Home>バックナンバー>2015冬号TOP>症例から学ぶ

 当院では、「1,000歩マップ」などのパンフレット(図2)を用意し、診療の帰りに少し遠回りして1,000歩を体験していただいている。歩数を1,000歩増やすとウエスト・ヒップ比と体重が減少し、1万歩/日に増やすと、体重は平均2kg減少する1)といわれている。
 また健康運動指導士と理学療法士が、外来の待ち時間を利用して、無料の運動相談(20~30分/回)を行っており、その相談を通じて見える、患者の運動に対する実態について紹介する。

 

 2013年8月~2014年4月に行った糖尿病患者の運動相談は318名で、医師は運動習慣確立や減量を目的として運動相談を患者に勧めることが多いが、実際に患者が相談した内容は運動習慣確立・運動量調整が一番多く(56.9%)、ひざや腰の疼痛管理や予防(26.9%)、ストレッチ(3.7%)、肩こり(3.4%)であり、血糖コントロール(3.0%)、減量(2.4%)は少なかった(図3)。
 運動ができない理由に、肥満や加齢に伴う膝や腰の疼痛が運動の阻害要因となっていることも多い。
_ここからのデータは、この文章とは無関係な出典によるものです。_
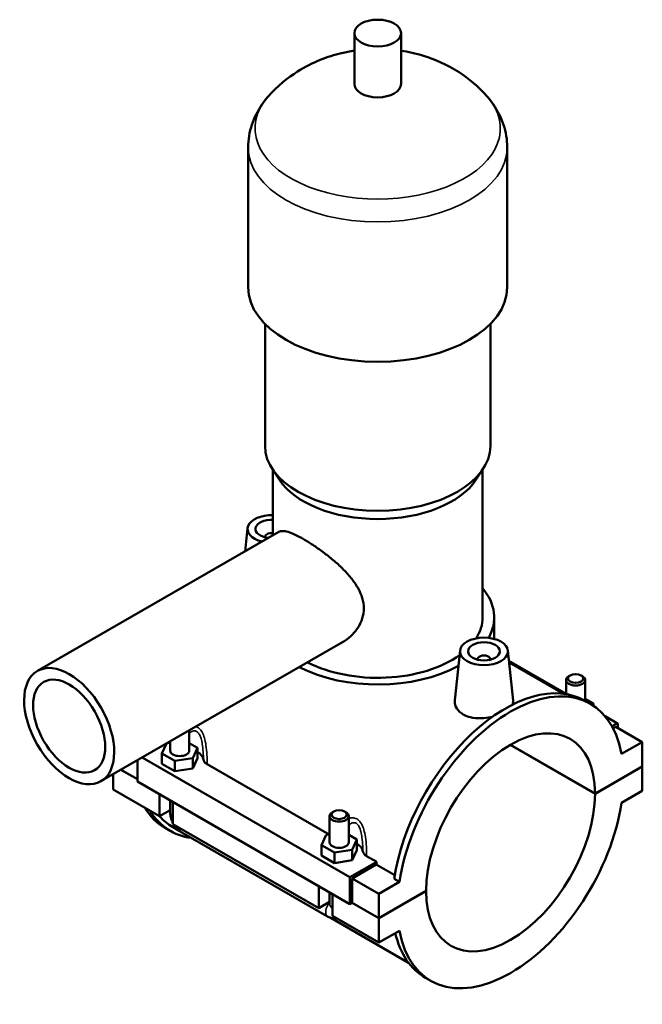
# Model space of a CAD drawing. Header units: millimetres. Extents: x 0 to 953, y -206 to 1211.
# Tile 8 of 8: x 758 to 953, y 772 to 1082. Entities that reach past the tile are written whole.
import ezdxf

# ---------------------------------------------------------------- set-up
doc = ezdxf.new("R2010")
doc.units = ezdxf.units.MM
doc.layers.add('Visible (ISO)', color=7, linetype='Continuous', lineweight=50)
doc.layers.add('Visible Narrow (ISO)', color=7, linetype='Continuous', lineweight=35)

msp = doc.modelspace()

# ---------------------------------------------------------------- linework, layer by layer
at = {"layer": 'Visible (ISO)'}
for p, q in [((863.0825, 1061.3268), (863.0825, 1077.2853)), ((877.7225, 1061.3268), (877.7225, 1077.2853)), ((829.7358, 997.4927), (829.7358, 1041.3786)), ((911.0691, 997.4927), (911.0691, 1041.3786)), ((835.0225, 947.6223), (835.0225, 985.9462)), ((905.7825, 947.6223), (905.7825, 985.9462)), ((839.573, 936.9521), (837.2893, 940.4468)), ((837.4625, 919.5212), (837.4625, 940.1818)), ((901.232, 936.9521), (903.5156, 940.4468)), ((903.3425, 893.7623), (903.3425, 940.1818)), ((829.5413, 921.816), (828.7578, 914.5085)), ((763.5482, 876.9568), (839.3764, 920.6234)), ((835.027, 919.0972), (835.027, 918.9109)), ((907.0025, 887.01), (907.0025, 893.7623)), ((783.5095, 842.2935), (859.3377, 885.9601)), ((896.2922, 883.3767), (894.6217, 867.7965)), ((911.2637, 883.3767), (912.9436, 867.7084)), ((901.7779, 880.4717), (901.7779, 880.6579)), ((905.7779, 880.4717), (905.7779, 880.6579)), ((911.6136, 880.1133), (929.5572, 869.7802)), ((911.6643, 879.6401), (928.754, 869.7988)), ((930.8536, 875.5619), (930.4277, 875.3147)), ((934.2607, 875.5619), (934.6866, 875.3147)), ((929.5572, 874.0979), (929.5572, 869.6858)), ((935.5572, 874.0979), (935.5572, 867.5688)), ((937.1794, 866.6346), (935.5107, 867.5955)), ((938.1339, 866.7216), (935.5572, 868.2054)), ((937.8915, 866.2006), (938.1339, 866.7216)), ((938.1339, 866.0415), (938.1339, 866.7216)), ((941.8254, 862.7154), (945.7467, 860.4573)), ((945.4972, 860.4328), (943.9933, 859.5667)), ((945.8508, 859.0044), (945.8508, 860.2276)), ((811.2478, 858.2669), (811.2478, 851.935)), ((945.1437, 859.4116), (944.3308, 858.9435)), ((945.1437, 859.4116), (953.4875, 854.6067)), ((802.671, 851.0745), (804.1033, 854.1527)), ((804.3967, 854.3216), (805.2478, 854.453)), ((804.852, 854.5838), (805.1148, 854.4324)), ((805.2478, 854.8117), (805.2478, 851.935)), ((811.2478, 854.2794), (813.8246, 852.7955)), ((938.6383, 838.3502), (911.9839, 853.6994)), ((912.0546, 853.7405), (938.6383, 838.4319)), ((953.4875, 854.6067), (947.003, 850.8725)), ((953.4875, 846.9831), (953.4875, 854.6067)), ((802.671, 847.8043), (802.671, 851.0745)), ((806.7535, 848.7235), (802.671, 851.0745)), ((813.8246, 852.7955), (812.3303, 849.584)), ((813.8246, 849.5253), (813.8246, 852.7955)), ((794.9542, 848.8841), (794.9542, 842.1782)), ((796.4609, 849.7517), (861.7051, 812.1801)), ((802.671, 847.8043), (806.7535, 845.4533)), ((812.3303, 849.584), (806.7535, 848.7235)), ((806.7535, 845.4533), (806.7535, 848.7235)), ((812.3303, 846.3139), (812.3303, 849.584)), ((812.3303, 846.3139), (813.8246, 849.5253)), ((816.875, 847.6602), (855.178, 825.603)), ((787.3174, 839.6849), (787.3174, 844.4863)), ((794.9542, 842.9108), (789.7678, 845.8974)), ((789.8388, 845.9383), (794.9542, 842.9926)), ((806.7535, 845.4533), (812.3303, 846.3139)), ((938.6383, 838.4319), (953.4875, 846.9831)), ((953.4875, 846.9013), (938.6383, 838.3502)), ((953.4165, 846.9422), (953.4875, 846.9013)), ((953.4875, 839.2777), (953.4875, 846.9013)), ((794.9542, 842.1782), (861.7051, 803.7389)), ((787.3174, 839.6849), (801.8838, 831.2967)), ((801.8838, 831.2967), (801.8838, 838.1876)), ((947.003, 835.5435), (953.4875, 839.2777)), ((805.2478, 836.2505), (805.2478, 832.5182)), ((806.1265, 835.7445), (806.1265, 828.8535)), ((805.2478, 833.2338), (801.8838, 831.2967)), ((856.6074, 832.8063), (856.1815, 832.5592)), ((860.0145, 832.8063), (860.4404, 832.5592)), ((806.1265, 828.8535), (851.947, 802.4672)), ((855.3109, 823.1055), (855.3109, 831.3423)), ((861.3109, 823.1055), (861.3109, 831.3423)), ((805.2943, 826.696), (803.6255, 827.657)), ((806.0241, 827.9634), (808.1173, 826.7581)), ((808.872, 826.2443), (854.6925, 799.858)), ((852.7342, 822.245), (854.2285, 825.4565)), ((854.2285, 825.4565), (855.3109, 825.6235)), ((861.3109, 825.4499), (863.8877, 823.966)), ((863.8877, 823.966), (862.3934, 820.7546)), ((863.8877, 820.6958), (863.8877, 823.966)), ((852.7342, 818.9748), (852.7342, 822.245)), ((856.8167, 819.8941), (852.7342, 822.245)), ((862.3934, 820.7546), (856.8167, 819.8941)), ((856.8167, 816.6239), (856.8167, 819.8941)), ((862.3934, 817.4844), (862.3934, 820.7546)), ((862.3934, 817.4844), (863.8877, 820.6958)), ((852.7342, 818.9748), (856.8167, 816.6239)), ((856.8167, 816.6239), (862.3934, 817.4844)), ((861.7051, 812.1801), (870.0962, 817.0122)), ((866.9382, 818.8307), (870.0962, 817.0122)), ((869.9499, 816.1104), (862.4122, 811.7697)), ((875.7489, 812.7709), (869.9499, 816.1104)), ((861.7051, 803.7389), (861.7051, 812.1801)), ((862.4122, 811.7697), (870.756, 806.9648)), ((862.4122, 811.7697), (862.4122, 804.1461)), ((877.2405, 810.699), (870.756, 806.9648)), ((877.2405, 810.699), (875.5717, 811.6599)), ((851.947, 802.4672), (851.947, 809.3582)), ((855.3109, 803.6888), (855.3109, 807.421)), ((870.756, 799.3412), (885.6053, 807.8923)), ((885.6053, 807.8105), (870.756, 799.2594)), ((885.5343, 807.8514), (885.6053, 807.8105)), ((855.3109, 804.4044), (851.947, 802.4672)), ((856.1896, 806.915), (856.1896, 800.024)), ((862.4122, 804.1461), (861.7051, 803.7389)), ((870.756, 799.2594), (862.3412, 804.1052)), ((862.4122, 804.1461), (870.756, 799.3412)), ((870.756, 806.9648), (870.756, 799.3412)), ((855.4827, 799.4821), (880.0983, 785.3069)), ((856.1896, 800.024), (870.756, 791.6358)), ((870.756, 799.2594), (870.756, 791.6358)), ((870.756, 791.6358), (877.2405, 795.37)), ((887.0641, 779.6079), (885.3953, 780.5689))]:
    msp.add_line(p, q, dxfattribs=at)
for centre, major_axis, ratio in [((870.4025, 1077.2853), (7.32, 0), 0.5758617), ((903.7779, 883.1106), (7.5, 0), 0.5758617), ((903.7779, 883.1106), (5, 0), 0.5758617), ((773.5288, 859.6252), (9.9806, -17.3317), 0.57809312), ((773.5288, 859.6252), (7.9845, -13.8653), 0.57809312), ((932.5572, 874.5884), (2.4, 0), 0.5758617), ((858.3109, 831.8328), (2.4, 0), 0.5758617)]:
    msp.add_ellipse(centre, major_axis=major_axis, ratio=ratio, dxfattribs=at)
for centre, major_axis, ratio, start_param, end_param in [((870.4025, 1061.3268), (-7.32, 0), 0.5758617, 0, 3.14159264), ((870.4025, 997.4927), (-40.6667, 0), 0.5758617, 0, 3.14159265), ((870.4025, 947.6223), (-35.38, 0), 0.5758617, 0, 3.14159265), ((870.4025, 943.6327), (-32.94, 0), 0.5758617, 0.3599086, 2.78168406), ((837.027, 921.5499), (-7.5, 0), 0.5758617, 4.65429764, 7.45102171), ((837.027, 921.5499), (-5, 0), 0.5758617, 4.6251905, 7.66269834), ((837.027, 919.0972), (-2, 0), 0.5758617, 4.49291112, 6.45187448), ((870.4025, 893.7623), (36.6, 0), 0.5758617, 5.97374107, 6.73421212), ((870.4025, 893.7623), (32.94, 0), 0.5758617, 5.92920444, 6.28318531), ((870.4025, 893.7623), (32.94, 0), 0.5758617, 3.98034083, 5.60901811), ((903.7779, 880.6579), (-2, 0), 0.5758617, 2.97290348, 6.45187448), ((870.4025, 893.7623), (36.6, 0), 0.5758617, 3.9750015, 5.47844432), ((932.5572, 874.0979), (-3, 0), 0.5758617, 5.50163969, 10.20632358), ((910.453, 824.0822), (25.0577, 43.5133), 0.57809312, 0, 2.16645216), ((912.1218, 823.1212), (25.0577, 43.5133), 0.57809312, 5.68366205, 8.44963747), ((912.1218, 823.1212), (18.7137, 32.4969), 0.57809312, 5.49718677, 8.63611276), ((945.4972, 860.024), (0.2495, 0.4333), 0.57809312, 5.49585344, 7.06664976), ((808.2478, 851.935), (-3, 0), 0.5758617, 0, 3.14159265), ((808.2478, 848.6648), (7.5, 0), 0.5758617, 0.1004155, 0.73240258), ((912.1218, 823.1212), (-18.7137, -32.4969), 0.57809312, 5.49718677, 8.63611276), ((912.1218, 823.1212), (-25.0577, -43.5133), 0.57809312, 5.68366205, 8.44963747), ((828.6832, 871.1703), (-25.0577, -43.5133), 0.57809312, 5.98035297, 6.28318531), ((830.3519, 870.2094), (-25.0577, -43.5133), 0.57809312, 5.98035297, 6.51936054), ((858.3109, 831.3423), (3, 0), 0.5758617, 2.36004704, 7.06473092), ((830.3519, 870.2094), (-24.3278, -42.2459), 0.57809312, 6.09630768, 6.28318531), ((858.3109, 823.1055), (-3, 0), 0.5758617, 0, 3.14159265), ((858.3109, 819.8353), (7.5, 0), 0.5758617, 0.1004155, 0.73240258), ((903.7779, 827.9262), (-24.3278, -42.2459), 0.57809312, 5.28139274, 5.30234024), ((910.453, 824.0822), (-25.0577, -43.5133), 0.57809312, 5.73155512, 6.28318531)]:
    msp.add_ellipse(centre, major_axis=major_axis, ratio=ratio, start_param=start_param, end_param=end_param, dxfattribs=at)
for points, knots in [([(863.0825, 1071.7584), (861.7505, 1071.5592), (860.4071, 1071.3025), (854.6683, 1069.9388), (850.0777, 1068.2829), (842.1648, 1063.2737), (839.0234, 1060.797), (836.0116, 1057.3616)], [7.322693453, 7.322693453, 7.322693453, 7.322693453, 7.459938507, 7.459938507, 7.901244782, 7.901244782, 8.171849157, 8.171849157, 8.171849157, 8.171849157]), ([(904.7934, 1057.3616), (901.8891, 1060.6743), (898.8619, 1063.0952), (892.0438, 1067.496), (888.3211, 1069.0644), (882.3597, 1070.9011), (880.0239, 1071.4142), (877.7225, 1071.7584)], [5.965317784, 5.965317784, 5.965317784, 5.965317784, 6.226260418, 6.226260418, 6.577325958, 6.577325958, 6.814473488, 6.814473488, 6.814473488, 6.814473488]), ([(836.0116, 1057.3616), (835.2873, 1056.5354), (834.602, 1055.6579), (833.3326, 1053.7955), (832.7486, 1052.8105), (831.7113, 1050.7373), (831.2583, 1049.6489), (830.5153, 1047.3878), (830.2257, 1046.2151), (829.8358, 1043.8209), (829.7358, 1042.5999), (829.7358, 1041.3786)], [1.88866385, 1.88866385, 1.88866385, 1.88866385, 1.982169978, 1.982169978, 2.075676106, 2.075676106, 2.169182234, 2.169182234, 2.262688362, 2.262688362, 2.35619449, 2.35619449, 2.35619449, 2.35619449]), ([(911.0691, 1041.3786), (911.0691, 1042.5999), (910.9692, 1043.8209), (910.5793, 1046.2151), (910.2896, 1047.3878), (909.5467, 1049.6489), (909.0936, 1050.7373), (908.0564, 1052.8105), (907.4723, 1053.7955), (906.203, 1055.6579), (905.5177, 1056.5354), (904.7934, 1057.3616)], [5.497787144, 5.497787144, 5.497787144, 5.497787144, 5.591293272, 5.591293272, 5.6847994, 5.6847994, 5.778305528, 5.778305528, 5.871811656, 5.871811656, 5.965317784, 5.965317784, 5.965317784, 5.965317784]), ([(839.3764, 920.6234), (839.6959, 920.8073), (840.0897, 920.905), (841.0535, 920.9037), (841.6257, 920.8028), (842.9416, 920.4048), (843.6869, 920.1073), (845.3144, 919.3424), (846.1967, 918.875), (848.024, 917.8227), (849.0163, 917.2106), (851.0878, 915.8454), (852.1668, 915.0924), (854.3234, 913.4907), (855.4029, 912.6404), (857.4727, 910.8919), (858.4628, 909.9933), (860.276, 908.2011), (861.1661, 907.2411), (862.7924, 905.2374), (863.5283, 904.1932), (864.7469, 902.057), (865.2298, 900.9623), (865.8755, 898.7706), (866.0373, 897.673), (866.0373, 895.5457), (865.8755, 894.4717), (865.2298, 892.3907), (864.7469, 891.3837), (863.5283, 889.5194), (862.7924, 888.6604), (861.1661, 887.1521), (860.276, 886.5032), (859.3568, 885.9711), (859.3472, 885.9656), (859.3377, 885.9601)], [1.56529701, 1.56529701, 1.56529701, 1.56529701, 1.94885328, 1.94885328, 2.33648792, 2.33648792, 2.72412257, 2.72412257, 3.11175721, 3.11175721, 3.49939185, 3.49939185, 3.88702649, 3.88702649, 4.27466113, 4.27466113, 4.66229578, 4.66229578, 5.05260044, 5.05260044, 5.4429051, 5.4429051, 5.83320976, 5.83320976, 6.22351442, 6.22351442, 6.61381908, 6.61381908, 7.00412374, 7.00412374, 7.3944284, 7.3944284, 7.78473306, 7.78473306, 7.78881143, 7.78881143, 7.78881143, 7.78881143]), ([(906.4843, 862.5914), (905.585, 862.3681), (904.6512, 862.2131), (902.6114, 862.0455), (901.3811, 862.0762), (899.1145, 862.4715), (898.0782, 862.8384), (897.2603, 863.3094), (896.4424, 863.7804), (895.7384, 864.4157), (894.8132, 865.8584), (894.5917, 866.6637), (894.6007, 867.5423), (894.6084, 867.669), (894.6224, 867.7964)], [4.5848114, 4.5848114, 4.5848114, 4.5848114, 4.85254484, 4.85254484, 5.19955316, 5.19955316, 5.54656148, 5.54656148, 5.54656148, 5.89356981, 5.89356981, 6.24057813, 6.24057813, 6.29832367, 6.29832367, 6.29832367, 6.29832367]), ([(912.9429, 867.7084), (912.9531, 867.6162), (912.9576, 867.5248), (912.9516, 867.0764), (912.8569, 866.7034), (912.6708, 866.3314)], [3.412487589, 3.412487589, 3.412487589, 3.412487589, 3.467297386, 3.467297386, 3.684095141, 3.684095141, 3.684095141, 3.684095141]), ([(815.71, 849.0978), (815.7567, 848.8306), (815.8787, 848.5691), (816.2712, 848.0782), (816.5412, 847.8524), (816.875, 847.6602)], [-0.281341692, -0.281341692, -0.281341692, -0.281341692, -0.141623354, -0.141623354, 0, 0, 0, 0]), ([(805.2478, 832.5182), (805.2478, 831.9897), (805.3176, 831.4834), (805.5538, 830.5071), (805.721, 830.0369), (805.9911, 829.4516), (806.057, 829.3186), (806.1265, 829.1875)], [1.570796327, 1.570796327, 1.570796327, 1.570796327, 1.884955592, 1.884955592, 2.199114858, 2.199114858, 2.293118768, 2.293118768, 2.293118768, 2.293118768]), ([(806.4141, 828.6879), (806.4962, 828.5561), (806.5821, 828.4267), (806.958, 827.8944), (807.2816, 827.5145), (808.0095, 826.8219), (808.4135, 826.5083), (808.872, 826.2443)], [2.414901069, 2.414901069, 2.414901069, 2.414901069, 2.513274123, 2.513274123, 2.827433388, 2.827433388, 3.141592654, 3.141592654, 3.141592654, 3.141592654]), ([(865.7732, 820.2683), (865.8199, 820.0012), (865.9418, 819.7396), (866.3343, 819.2487), (866.6043, 819.023), (866.9382, 818.8307)], [-0.281341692, -0.281341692, -0.281341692, -0.281341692, -0.141623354, -0.141623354, 0, 0, 0, 0]), ([(854.6925, 799.858), (855.1511, 799.5939), (855.6664, 799.3767), (856.6785, 799.1741), (857.1409, 799.1425), (857.6234, 799.1983)], [3.141592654, 3.141592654, 3.141592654, 3.141592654, 3.455751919, 3.455751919, 3.680657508, 3.680657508, 3.680657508, 3.680657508])]:
    msp.add_open_spline(points, degree=3, knots=knots, dxfattribs=at)
at = {"layer": 'Visible Narrow (ISO)'}
for p, q in [((911.6328, 879.934), (929.3809, 869.7135)), ((942.0881, 862.396), (945.4972, 860.4328))]:
    msp.add_line(p, q, dxfattribs=at)
for centre, major_axis, ratio, start_param, end_param in [((870.4025, 1047.3631), (-38.5253, 0), 0.5758617, 5.81565467, 9.8923086), ((870.4025, 1041.3786), (-40.6667, 0), 0.5758617, 0, 3.14159265), ((808.2478, 832.5182), (-3, 0), 0.5758617, 0, 0.78539816), ((810.3691, 828.844), (-1.4971, -2.5998), 0.57809312, 5.49200086, 6.28318531), ((856.1896, 802.4577), (-1.4971, -2.5998), 0.57809312, 4.35213569, 6.28318531), ((858.3109, 803.6888), (-3, 0), 0.5758617, 0, 0.78539816)]:
    msp.add_ellipse(centre, major_axis=major_axis, ratio=ratio, start_param=start_param, end_param=end_param, dxfattribs=at)
for points, knots in [([(811.2478, 857.2912), (811.2953, 857.3399), (811.3434, 857.387), (811.6875, 857.7087), (812.0043, 857.9228), (812.5831, 858.1262), (812.8407, 858.1548), (813.2488, 858.0817), (813.4031, 858.025), (813.5511, 857.9398), (813.6991, 857.8545), (813.8408, 857.7408), (814.1861, 857.3801), (814.3752, 857.0942), (814.7509, 856.3411), (814.9204, 855.8469), (815.212, 854.7253), (815.3252, 854.0886), (815.5249, 852.5958), (815.5941, 851.7291), (815.6732, 850.2737), (815.6947, 849.6847), (815.71, 849.0978)], [1.16840731, 1.16840731, 1.16840731, 1.16840731, 1.20066969, 1.20066969, 1.39660201, 1.39660201, 1.54731918, 1.54731918, 1.64151741, 1.64151741, 1.64151741, 1.73571564, 1.73571564, 1.8864328, 1.8864328, 2.08236512, 2.08236512, 2.30514201, 2.30514201, 2.59389165, 2.59389165, 2.78981782, 2.78981782, 2.78981782, 2.78981782]), ([(816.875, 847.6602), (816.8731, 847.8273), (816.8708, 847.9949), (816.8546, 848.9614), (816.8304, 849.7699), (816.7288, 851.5982), (816.6406, 852.6223), (816.3689, 854.4103), (816.2113, 855.1813), (815.7952, 856.5601), (815.5501, 857.1768), (814.9992, 858.1388), (814.7199, 858.5127), (814.2059, 859.0038), (813.9941, 859.1644), (813.7721, 859.2923), (813.6395, 859.3686), (813.5034, 859.4332), (813.3648, 859.486)], [-2.87459084, -2.87459084, -2.87459084, -2.87459084, -2.8257992, -2.8257992, -2.59389165, -2.59389165, -2.30514201, -2.30514201, -2.08236512, -2.08236512, -1.8864328, -1.8864328, -1.73571564, -1.73571564, -1.64151741, -1.64151741, -1.64151741, -1.58529403, -1.58529403, -1.58529403, -1.58529403]), ([(861.311, 828.4617), (861.3585, 828.5104), (861.4066, 828.5576), (861.7507, 828.8792), (862.0675, 829.0933), (862.6463, 829.2967), (862.9038, 829.3254), (863.312, 829.2523), (863.4662, 829.1956), (863.6142, 829.1103), (863.7623, 829.0251), (863.904, 828.9114), (864.2493, 828.5506), (864.4383, 828.2648), (864.8141, 827.5117), (864.9836, 827.0175), (865.2751, 825.8958), (865.3884, 825.2592), (865.5881, 823.7663), (865.6572, 822.8997), (865.7363, 821.4442), (865.7579, 820.8552), (865.7732, 820.2683)], [1.16840731, 1.16840731, 1.16840731, 1.16840731, 1.20066969, 1.20066969, 1.39660201, 1.39660201, 1.54731917, 1.54731917, 1.6415174, 1.6415174, 1.6415174, 1.73571563, 1.73571563, 1.8864328, 1.8864328, 2.08236512, 2.08236512, 2.30514182, 2.30514182, 2.59389154, 2.59389154, 2.78981782, 2.78981782, 2.78981782, 2.78981782]), ([(866.9382, 818.8307), (866.9363, 818.9978), (866.9339, 819.1654), (866.9178, 820.1319), (866.8936, 820.9404), (866.7919, 822.7688), (866.7038, 823.7929), (866.432, 825.5809), (866.2744, 826.3518), (865.8583, 827.7306), (865.6133, 828.3473), (865.0623, 829.3094), (864.783, 829.6833), (864.269, 830.1743), (864.0572, 830.335), (863.8352, 830.4628), (863.6132, 830.5907), (863.381, 830.6857), (862.7649, 830.8455), (862.3743, 830.8573), (861.7612, 830.7616), (861.5339, 830.7003), (861.3113, 830.6179)], [-2.87459084, -2.87459084, -2.87459084, -2.87459084, -2.82579903, -2.82579903, -2.59389154, -2.59389154, -2.30514182, -2.30514182, -2.08236512, -2.08236512, -1.8864328, -1.8864328, -1.73571563, -1.73571563, -1.6415174, -1.6415174, -1.6415174, -1.54731917, -1.54731917, -1.39660201, -1.39660201, -1.30604637, -1.30604637, -1.30604637, -1.30604637])]:
    msp.add_open_spline(points, degree=3, knots=knots, dxfattribs=at)

doc.saveas('drawing.dxf')

われわれの運動指導でも、まずは疼痛管理の指導を行った患者は全体の15%程であり、そのうちの4分の1はBMI30以上の中等度肥満者であった。運動への意欲はあっても痛くて十分な強度の運動ができない場合には、座位でもできる簡単なストレッチや筋トレ(椅子座位なら大腿挙げ運動や膝の曲げ伸ばし運動、立位ならハーフスクワットなど)をテレビのCM時間や歯磨き時間などを利用するよう勧めている。
 限られた診療時間の中で効率的に運動指導を行うために、現在よりも「+10分もしくは+1,000歩」の運動を指導してみると良い。日常の買い物で、行きは少し遠回りをしたり(帰りは荷物も重くなるので通常通りの道で)、スーパーでは2~3周店内全体を歩いてから買い物を始める。仕事をしている患者には、帰り道に少し遠回りしてみるなど、1,000歩(約10分)となる歩行をできるだけ具体的に示すと実行につながるようである。「一駅手前で降りて歩きましょう」というアドバイスをすることもあるが、“一駅”は、通常20~30分、2,000~4,000歩の運動であり、運動習慣がまったくない人が始める運動としてはなかなか実施が難しい印象である。